If you consider the different types of documents that exist in the world, not to mention the tons of actual documents that people may want to be translated, you can begin to be impressed by the professional translation sector. These companies often offer multiple types of translation so that they can provide a service to most clients.
We look at the range of translation services these professionals offer. As will be seen, companies that provide these services must hire multiple qualified and experienced staff to cover all the requests brought to them by potential clients. We also demonstrate the differences between translation services, which is mainly what we cover here, and interpreter services, although these two offerings may be provided by one company. Additionally, we discuss machine translations and why these are inadequate to comply with translation projects for clients such as the courts and medical professions.
General Certified Translations
Certain documents have to be certified true copies of the original. Examples of certified translation services are translations of death certificates, birth certificates, divorce papers, immigration applications, and college transcripts. When important papers must be translated, these will only be accepted if the translation work is done by a professional translator. The translation and signature of the translator will have to be certified.
Legal documents that are required to be translated are minutes and reports of court proceedings, judicial texts, expert opinions, similar technical documents, remittance drafts, corporate statutes, registration documents, and other administrative texts, warrants, and summons.
Professional translators working with legal texts must have a full grasp of legal terminologies, the laws of a country, how legal systems work in the countries involved, and the culture.
Legal translators may take on the role of juridical translators, where they are required to work directly in the courtroom. They may have to take on the part of official legal experts.
The term juridical translation concerns documentation that is legally binding. Such documentation may be comprised of bail assurance, insurance policies, internal regulations, conventions and protocols, accords, partnership agreements, and commercial, licence, or labour contracts. These experts are required to have the same background and grasp of legal terminologies as legal translators, for example.
Medical translators require deep medical knowledge and the ability to use the correct terminology. These specialists deal with documentation such as prescriptions, medical findings, medical histories, drug information plus instructions, pharmaceutical tests, clinical research results, scientific articles, medical publications, and translating medical textbooks.
The strictest or most narrow description of technical translation is confined to documentation like industrial, mechanics, electronics, IT, and engineering texts. A broader definition includes administrative terms, minutes of proceedings, financial reports, internal notes, instructions leaflets, and user manuals.
Most of these documents have a limited readership and short shelf life. Nevertheless, translators of these texts must have a firm grasp of the specific terminology used in these fields, despite the fact that less than 10% of such documents contain specialised terminology as opposed to 90% of ordinary language.
Literary translation relates to the translation of literary texts of varying kinds. This ranges from novels, plays, and poems, to biographies, letters, manuscripts, books, magazines, and film scripts. Specialised skills and knowledge are needed by experts in this field. This sector of translation amounts to only one percent of all translation work.
It is vital that a translation retains the original meaning of a text. Sometimes, this is impossible, and instead of translation, concepts that cannot be translated are transcreated to ensure alignment of the primary and new text in another language.
When translating literary manuscripts, there are certain clear prohibitions. No text can be left out, altered, or added to. Even mistakes must be retained.
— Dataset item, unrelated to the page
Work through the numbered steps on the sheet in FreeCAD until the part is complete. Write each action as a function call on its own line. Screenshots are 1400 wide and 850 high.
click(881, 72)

Business and Economic Translation
Business documents include reports, accounting documents, correspondence, and tender documents, to name a few. Once again, translators must be experienced in the requisite terminologies. Economic translation applies to translating texts that are more specifically academic and of an economic nature.
As opposed to more specific texts, those of an informative nature generally do not require the same in-depth knowledge of field-specific terminology. For example, the factual recording of a crime, as opposed to a crime fiction, is not meant to evoke an emotional response from readers or to be aesthetical. Examples of informative texts are business articles, political opinion pieces, travel notes, essays, feature materials, reports of findings in science and space, journalistic articles, patents, and websites. There may be an overlap between literary and informative texts.
Professional translators do not make use of computer programmes to provide automatic translations. A high degree of skill is involved in professionally translating a document and this also requires knowledge of document-specific terminologies and underlying factors such as culture. Machine translations are only useful to get a general understanding of a document but cannot be used in any professional or legal setting.
A distinction can be made between oral and written translations. Oral translations fall more strictly under the ambit of interpreting than translation. Another group of professionals is responsible for the interpretation. However, some companies combine both skill sets in their service offerings and have the right mix of qualified employees to execute projects for either requirement.
The provision of the various types of certified translation services requires expertise that is specific to the type of documentation that is being translated. Whether the items in question are legal, medical, scientific, or otherwise, established translation service businesses are able to handle these diverse projects due to hiring the requisite experience into the company and insisting on the highest qualifications and standards.
Becoming a translator is a rewarding career. It requires profound proficiency in one’s own language as well as at least one other language. It also requires a broad knowledge of the culture and background of the countries that use the second language, and a highly developed skill in using the terminologies specific to the type of service, e.g., medical, legal, or business.